Jilly constantly tries to see and contact Alix after she is released. Despite resisting contact, Alix finally relents and sees Jilly, only for the unstable young woman to be a victim of the serial killer by the next morning.

There is the brief possibility of a romance when Liz is introduced to Stephen Cox, a novelist and journalist who is currently writing a play about Pol Pot. Although the romance is not consummated, the pair enjoy seeing each other regularly.

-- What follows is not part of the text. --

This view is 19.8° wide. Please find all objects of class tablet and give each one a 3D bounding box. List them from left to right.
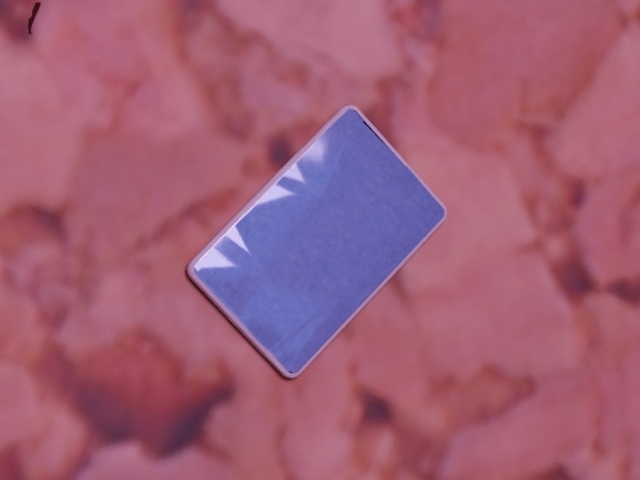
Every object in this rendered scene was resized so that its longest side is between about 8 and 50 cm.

Charles' affair and his job in the USA run their course, and he returns to London, with there being potential for a reconciliation with Liz. Charles reflects on his early career of making documentaries with a social message; his most groundbreaking, The Radiant Way, was a documentary about education for the working class. He tries to map when he 'sold out,' after one of his former collaborators is taken hostage and executed overseas.

The trio, Liz, Alix and Esther, are having dinner at Esther's flat one evening when police appear in the street outside. The trio are telephoned and asked to stay where they are, as Esther's upstairs neighbour is arrested—he is the serial killer. Liz's mother finally dies, and she and her sister reconcile while packing up the house, where neither wants to live.

==Reception==
Kirkus Reviews reviews was mildly critical of the novel's tendency for exposition but writes "On the whole, however, this is one of the best of Drabble's books, immersing the reader in a credible, relevant world."

Writing in The New Criterion, Donna Rifkind describes the novel as a continuation of "constraining sameness [in her other works] which keeps Drabble as a writer wandering around the same circle, treading the same ground."